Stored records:

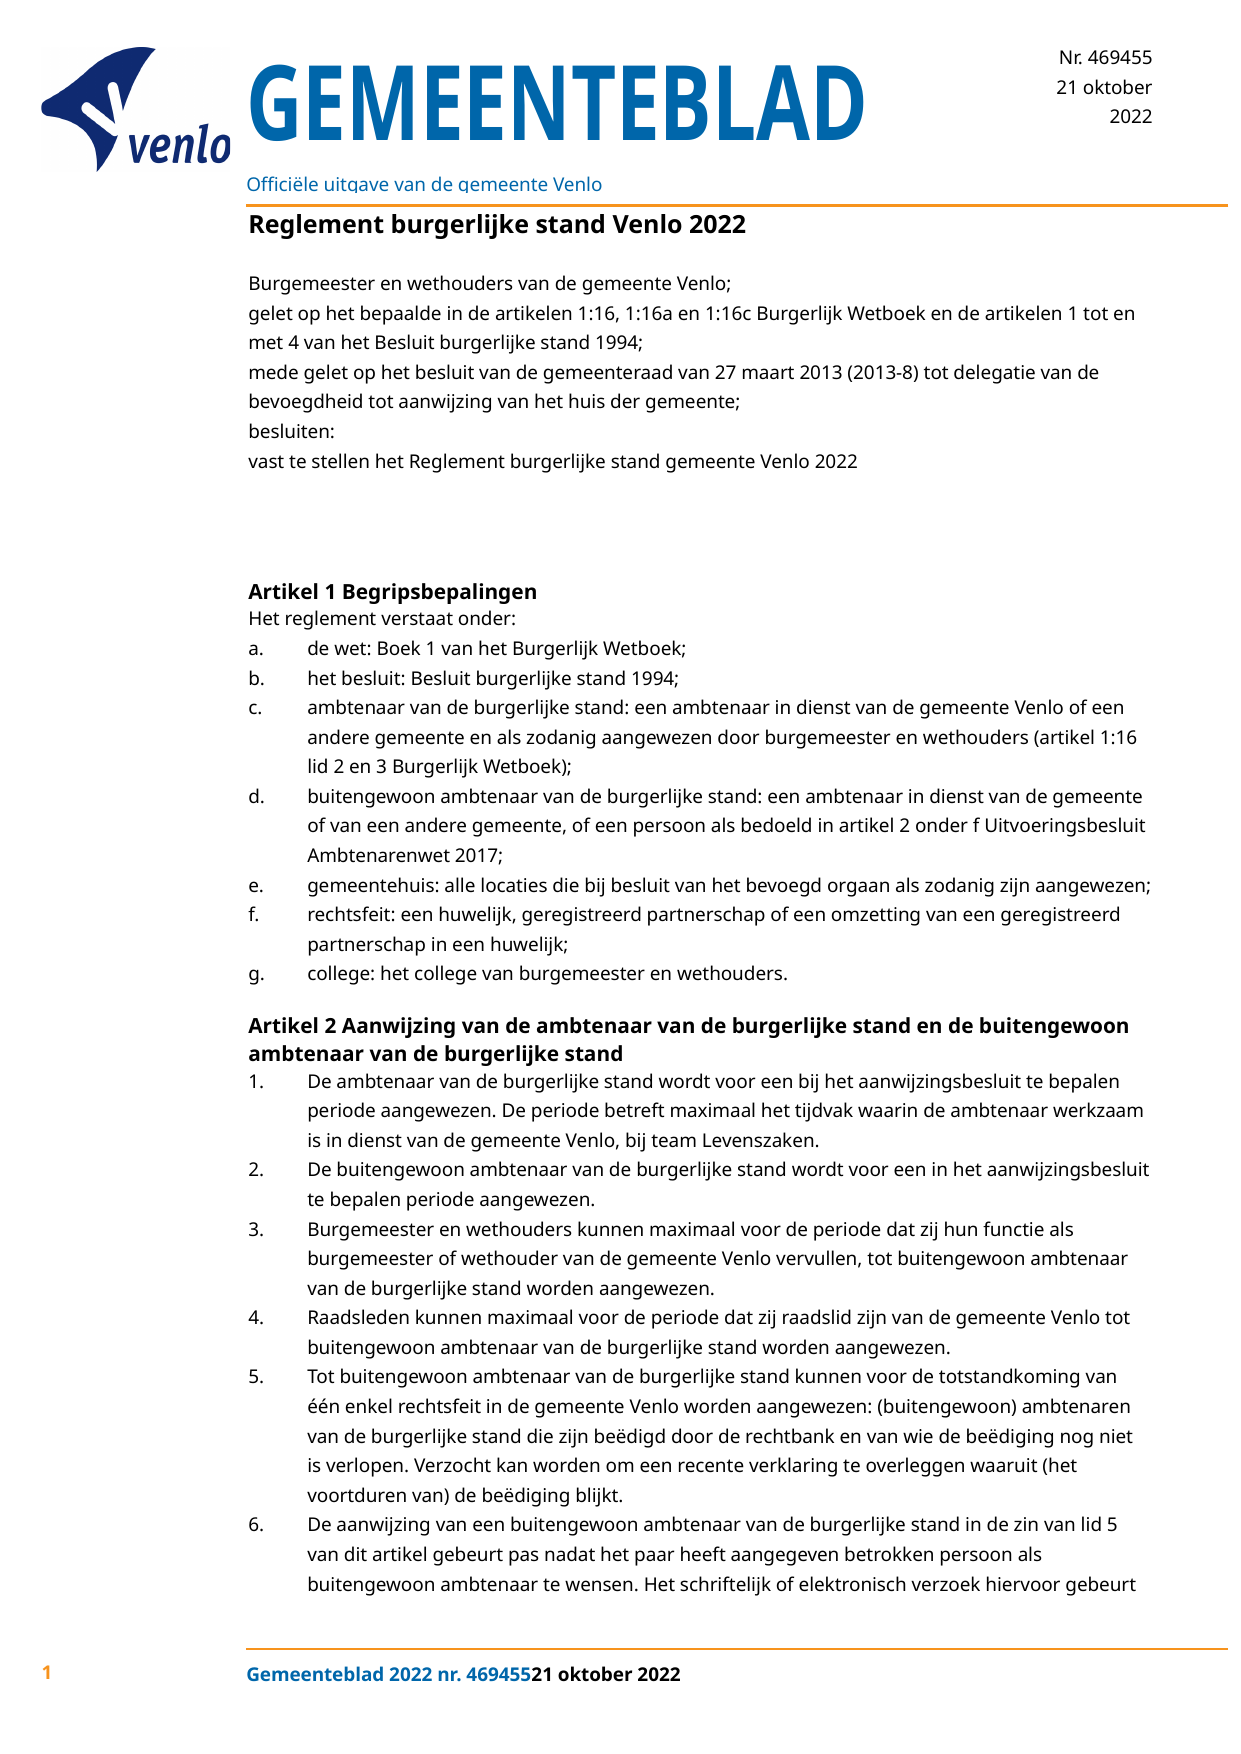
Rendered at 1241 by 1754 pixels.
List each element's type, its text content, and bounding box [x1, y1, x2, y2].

list rechtsfeit: een huwelijk, geregistreerd partnerschap of een omzetting van een geregistreerd partnerschap in een huwelijk; [248, 901, 1152, 957]
picture [41, 47, 231, 172]
text Artikel 1 Begripsbepalingen [248, 577, 1152, 606]
list De ambtenaar van de burgerlijke stand wordt voor een bij het aanwijzingsbesluit te bepalen periode aangewezen. De periode betreft maximaal het tijdvak waarin de ambtenaar werkzaam is in dienst van de gemeente Venlo, bij team Levenszaken. [248, 1068, 1152, 1153]
list ambtenaar van de burgerlijke stand: een ambtenaar in dienst van de gemeente Venlo of een andere gemeente en als zodanig aangewezen door burgemeester en wethouders (artikel 1:16 lid 2 en 3 Burgerlijk Wetboek); [248, 694, 1152, 779]
text mede gelet op het besluit van de gemeenteraad van 27 maart 2013 (2013-8) tot delegatie van de bevoegdheid tot aanwijzing van het huis der gemeente; [248, 359, 1152, 414]
text vast te stellen het Reglement burgerlijke stand gemeente Venlo 2022 [248, 448, 1152, 473]
text Burgemeester en wethouders van de gemeente Venlo; [248, 270, 1152, 296]
text Reglement burgerlijke stand Venlo 2022 [248, 207, 1152, 241]
list het besluit: Besluit burgerlijke stand 1994; [248, 665, 1152, 690]
list De buitengewoon ambtenaar van de burgerlijke stand wordt voor een in het aanwijzingsbesluit te bepalen periode aangewezen. [248, 1157, 1152, 1212]
list Burgemeester en wethouders kunnen maximaal voor de periode dat zij hun functie als burgemeester of wethouder van de gemeente Venlo vervullen, tot buitengewoon ambtenaar van de burgerlijke stand worden aangewezen. [248, 1216, 1152, 1301]
list De aanwijzing van een buitengewoon ambtenaar van de burgerlijke stand in de zin van lid 5 van dit artikel gebeurt pas nadat het paar heeft aangegeven betrokken persoon als buitengewoon ambtenaar te wensen. Het schriftelijk of elektronisch verzoek hiervoor gebeurt [248, 1512, 1152, 1596]
text gelet op het bepaalde in de artikelen 1:16, 1:16a en 1:16c Burgerlijk Wetboek en de artikelen 1 tot en met 4 van het Besluit burgerlijke stand 1994; [248, 300, 1152, 355]
text Artikel 2 Aanwijzing van de ambtenaar van de burgerlijke stand en de buitengewoon ambtenaar van de burgerlijke stand [248, 1011, 1152, 1068]
text besluiten: [248, 418, 1152, 444]
list de wet: Boek 1 van het Burgerlijk Wetboek; [248, 635, 1152, 661]
list Tot buitengewoon ambtenaar van de burgerlijke stand kunnen voor de totstandkoming van één enkel rechtsfeit in de gemeente Venlo worden aangewezen: (buitengewoon) ambtenaren van de burgerlijke stand die zijn beëdigd door de rechtbank en van wie de beëdiging nog niet is verlopen. Verzocht kan worden om een recente verklaring te overleggen waaruit (het voortduren van) de beëdiging blijkt. [248, 1364, 1152, 1508]
list college: het college van burgemeester en wethouders. [248, 961, 1152, 986]
list buitengewoon ambtenaar van de burgerlijke stand: een ambtenaar in dienst van de gemeente of van een andere gemeente, of een persoon als bedoeld in artikel 2 onder f Uitvoeringsbesluit Ambtenarenwet 2017; [248, 783, 1152, 868]
text Het reglement verstaat onder: [248, 606, 1152, 631]
list gemeentehuis: alle locaties die bij besluit van het bevoegd orgaan als zodanig zijn aangewezen; [248, 872, 1152, 897]
list Raadsleden kunnen maximaal voor de periode dat zij raadslid zijn van de gemeente Venlo tot buitengewoon ambtenaar van de burgerlijke stand worden aangewezen. [248, 1304, 1152, 1360]
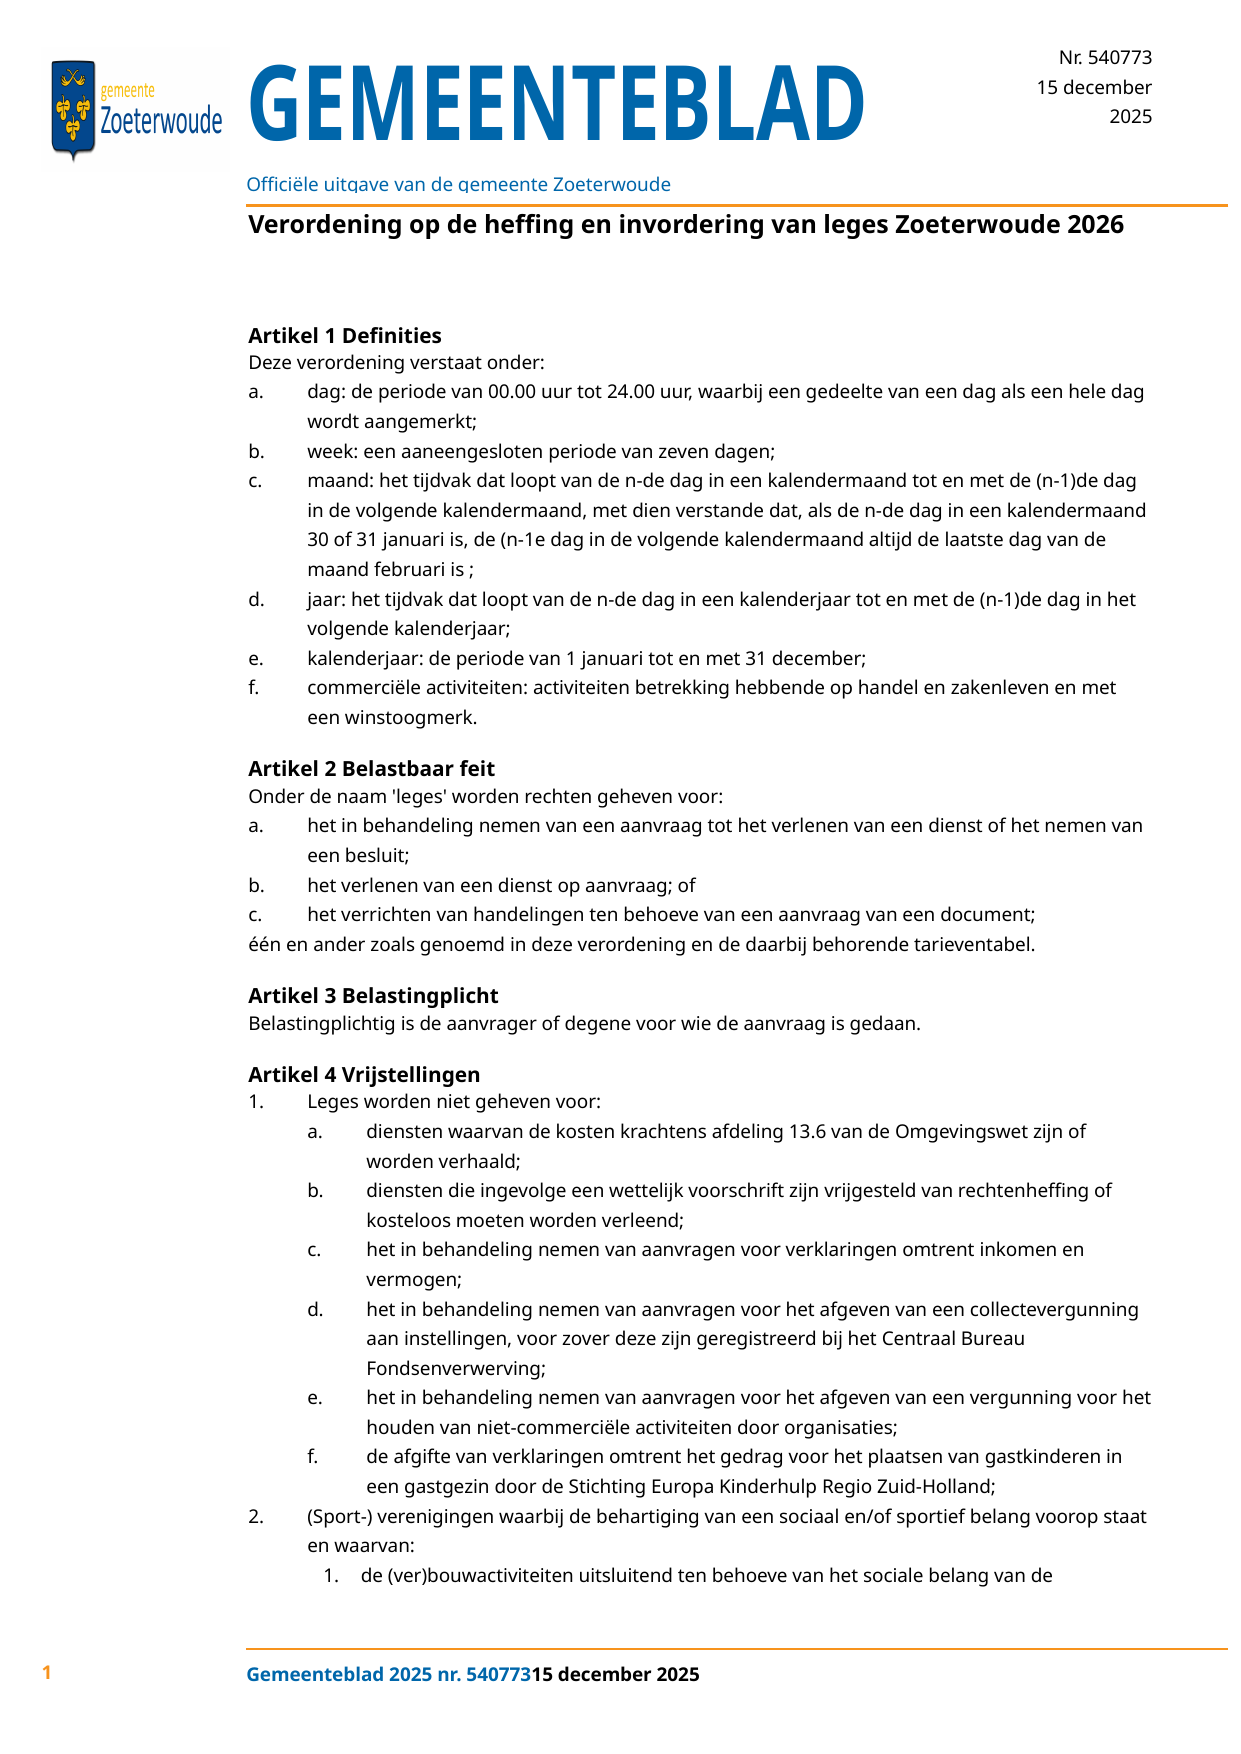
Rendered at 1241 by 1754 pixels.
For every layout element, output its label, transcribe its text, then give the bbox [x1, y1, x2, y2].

list het in behandeling nemen van aanvragen voor verklaringen omtrent inkomen en vermogen; [307, 1237, 1152, 1292]
text Artikel 3 Belastingplicht [248, 981, 1152, 1010]
list het verlenen van een dienst op aanvraag; of [248, 872, 1152, 897]
list (Sport-) verenigingen waarbij de behartiging van een sociaal en/of sportief belang voorop staat en waarvan: [248, 1503, 1152, 1558]
list week: een aaneengesloten periode van zeven dagen; [248, 438, 1152, 464]
list het in behandeling nemen van aanvragen voor het afgeven van een vergunning voor het houden van niet-commerciële activiteiten door organisaties; [307, 1384, 1152, 1440]
list commerciële activiteiten: activiteiten betrekking hebbende op handel en zakenleven en met een winstoogmerk. [248, 674, 1152, 730]
list jaar: het tijdvak dat loopt van de n-de dag in een kalenderjaar tot en met de (n-1)de dag in het volgende kalenderjaar; [248, 586, 1152, 641]
list diensten waarvan de kosten krachtens afdeling 13.6 van de Omgevingswet zijn of worden verhaald; [307, 1118, 1152, 1173]
text Belastingplichtig is de aanvrager of degene voor wie de aanvraag is gedaan. [248, 1010, 1152, 1036]
list dag: de periode van 00.00 uur tot 24.00 uur, waarbij een gedeelte van een dag als een hele dag wordt aangemerkt; [248, 379, 1152, 434]
text Verordening op de heffing en invordering van leges Zoeterwoude 2026 [248, 207, 1152, 241]
list kalenderjaar: de periode van 1 januari tot en met 31 december; [248, 645, 1152, 671]
picture [41, 47, 231, 172]
text Onder de naam 'leges' worden rechten geheven voor: [248, 783, 1152, 809]
text Artikel 1 Definities [248, 321, 1152, 349]
text Artikel 4 Vrijstellingen [248, 1060, 1152, 1089]
text Artikel 2 Belastbaar feit [248, 754, 1152, 783]
list diensten die ingevolge een wettelijk voorschrift zijn vrijgesteld van rechtenheffing of kosteloos moeten worden verleend; [307, 1177, 1152, 1233]
list de afgifte van verklaringen omtrent het gedrag voor het plaatsen van gastkinderen in een gastgezin door de Stichting Europa Kinderhulp Regio Zuid-Holland; [307, 1444, 1152, 1499]
text één en ander zoals genoemd in deze verordening en de daarbij behorende tarieventabel. [248, 931, 1152, 957]
list maand: het tijdvak dat loopt van de n-de dag in een kalendermaand tot en met de (n-1)de dag in de volgende kalendermaand, met dien verstande dat, als de n-de dag in een kalendermaand 30 of 31 januari is, de (n-1e dag in de volgende kalendermaand altijd de laatste dag van de maand februari is ; [248, 467, 1152, 582]
list Leges worden niet geheven voor: [248, 1089, 1152, 1114]
list de (ver)bouwactiviteiten uitsluitend ten behoeve van het sociale belang van de [323, 1562, 1152, 1588]
text Deze verordening verstaat onder: [248, 349, 1152, 375]
list het verrichten van handelingen ten behoeve van een aanvraag van een document; [248, 901, 1152, 927]
list het in behandeling nemen van een aanvraag tot het verlenen van een dienst of het nemen van een besluit; [248, 813, 1152, 868]
list het in behandeling nemen van aanvragen voor het afgeven van een collectevergunning aan instellingen, voor zover deze zijn geregistreerd bij het Centraal Bureau Fondsenverwerving; [307, 1296, 1152, 1381]
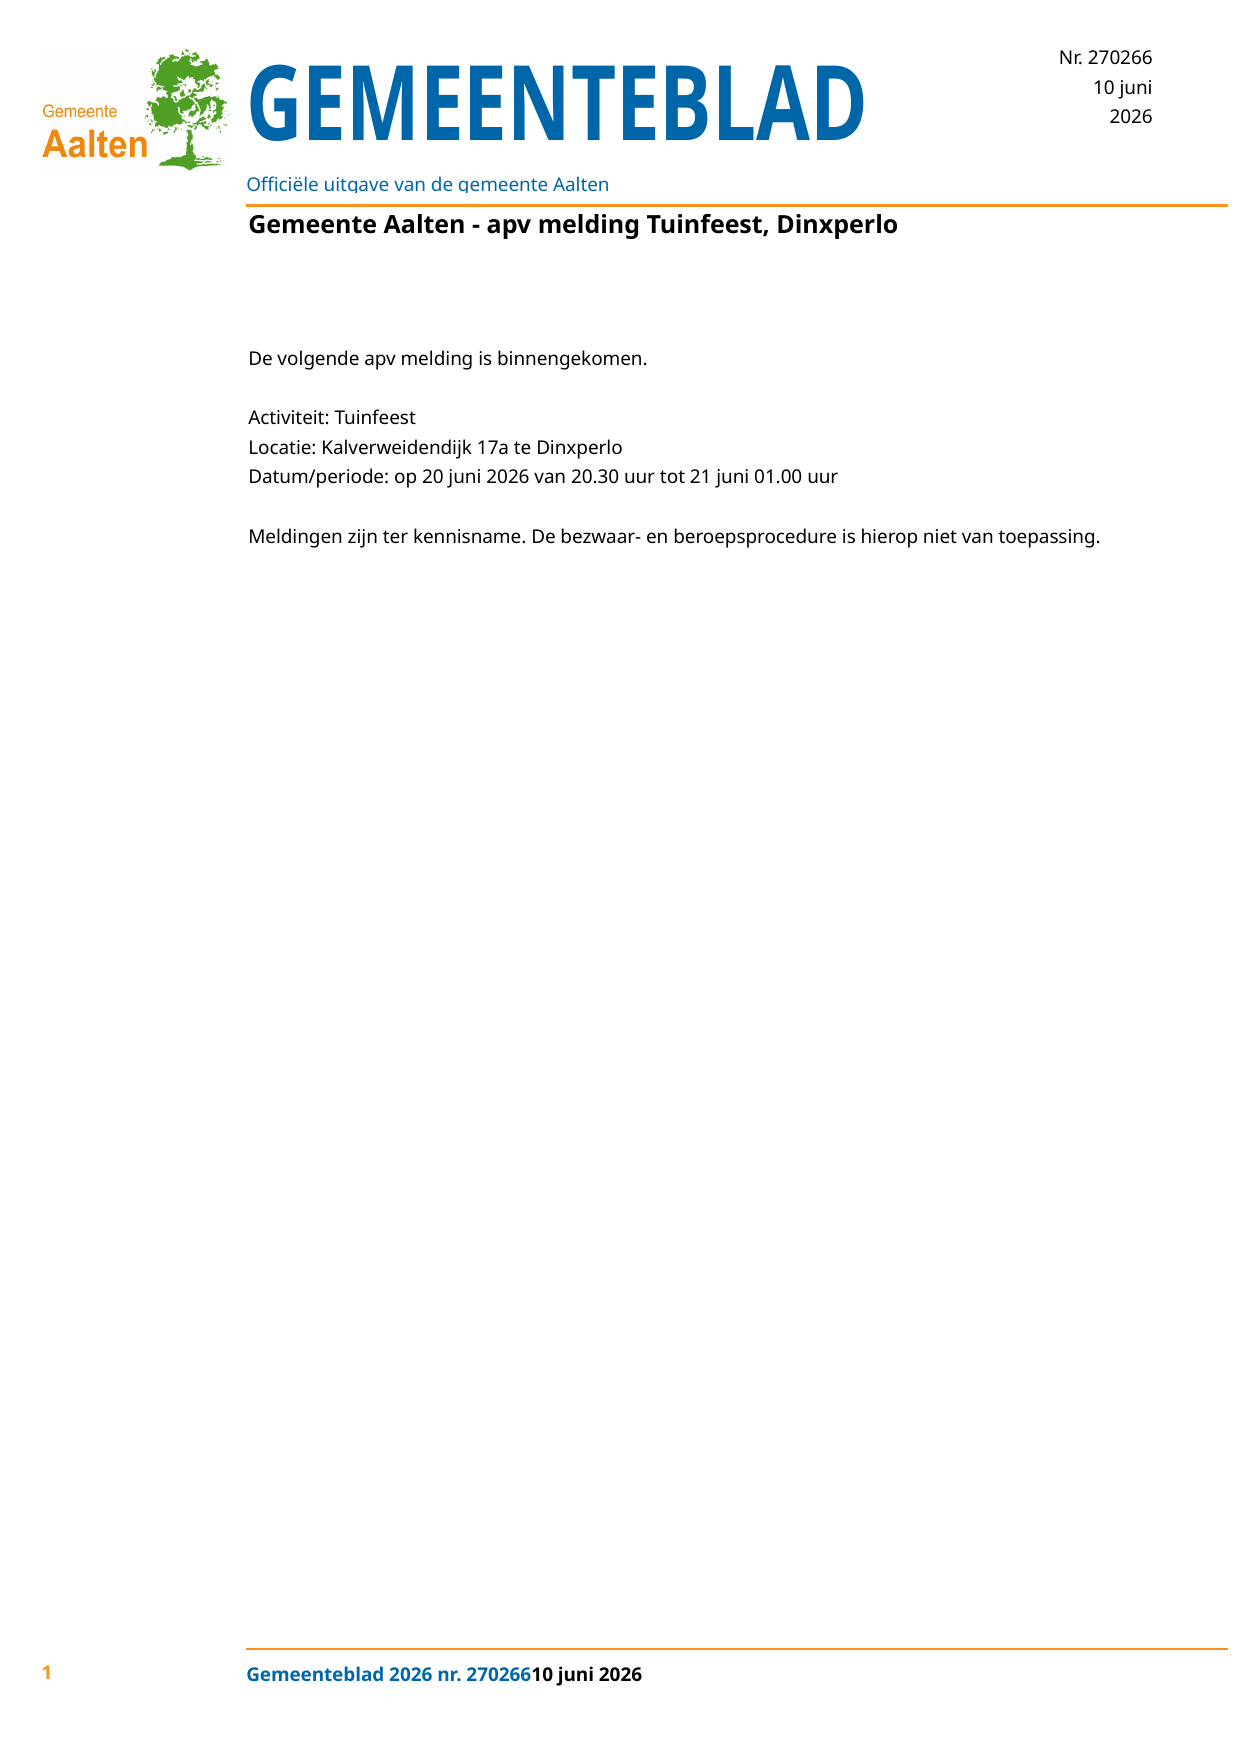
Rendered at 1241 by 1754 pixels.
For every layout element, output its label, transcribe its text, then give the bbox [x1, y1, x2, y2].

text Meldingen zijn ter kennisname. De bezwaar- en beroepsprocedure is hierop niet van toepassing. [248, 523, 1152, 548]
picture [41, 47, 231, 172]
text Locatie: Kalverweidendijk 17a te Dinxperlo [248, 434, 1152, 460]
text Datum/periode: op 20 juni 2026 van 20.30 uur tot 21 juni 01.00 uur [248, 464, 1152, 489]
text Activiteit: Tuinfeest [248, 404, 1152, 430]
text Gemeente Aalten - apv melding Tuinfeest, Dinxperlo [248, 207, 1152, 241]
text De volgende apv melding is binnengekomen. [248, 345, 1152, 371]

- [Task directions]:
From the line containing "text één en" through the last line of the entries, copy each line exactly and only those, skipping all pictures.

- [Answer below]:
text één en ander zoals genoemd in deze verordening en de daarbij behorende tarieventabel. [248, 931, 1152, 957]
list maand: het tijdvak dat loopt van de n-de dag in een kalendermaand tot en met de (n-1)de dag in de volgende kalendermaand, met dien verstande dat, als de n-de dag in een kalendermaand 30 of 31 januari is, de (n-1e dag in de volgende kalendermaand altijd de laatste dag van de maand februari is ; [248, 467, 1152, 582]
list Leges worden niet geheven voor: [248, 1089, 1152, 1114]
list de (ver)bouwactiviteiten uitsluitend ten behoeve van het sociale belang van de [323, 1562, 1152, 1588]
text Deze verordening verstaat onder: [248, 349, 1152, 375]
list het verrichten van handelingen ten behoeve van een aanvraag van een document; [248, 901, 1152, 927]
list het in behandeling nemen van een aanvraag tot het verlenen van een dienst of het nemen van een besluit; [248, 813, 1152, 868]
list het in behandeling nemen van aanvragen voor het afgeven van een collectevergunning aan instellingen, voor zover deze zijn geregistreerd bij het Centraal Bureau Fondsenverwerving; [307, 1296, 1152, 1381]
Rendered at 1241 by 1754 pixels.
For every layout element, output its label, transcribe its text, then give the bbox [x1, y1, x2, y2].

text Meldingen zijn ter kennisname. De bezwaar- en beroepsprocedure is hierop niet van toepassing. [248, 523, 1152, 548]
picture [41, 47, 231, 172]
text Locatie: Kalverweidendijk 17a te Dinxperlo [248, 434, 1152, 460]
text Datum/periode: op 20 juni 2026 van 20.30 uur tot 21 juni 01.00 uur [248, 464, 1152, 489]
text Activiteit: Tuinfeest [248, 404, 1152, 430]
text Gemeente Aalten - apv melding Tuinfeest, Dinxperlo [248, 207, 1152, 241]
text De volgende apv melding is binnengekomen. [248, 345, 1152, 371]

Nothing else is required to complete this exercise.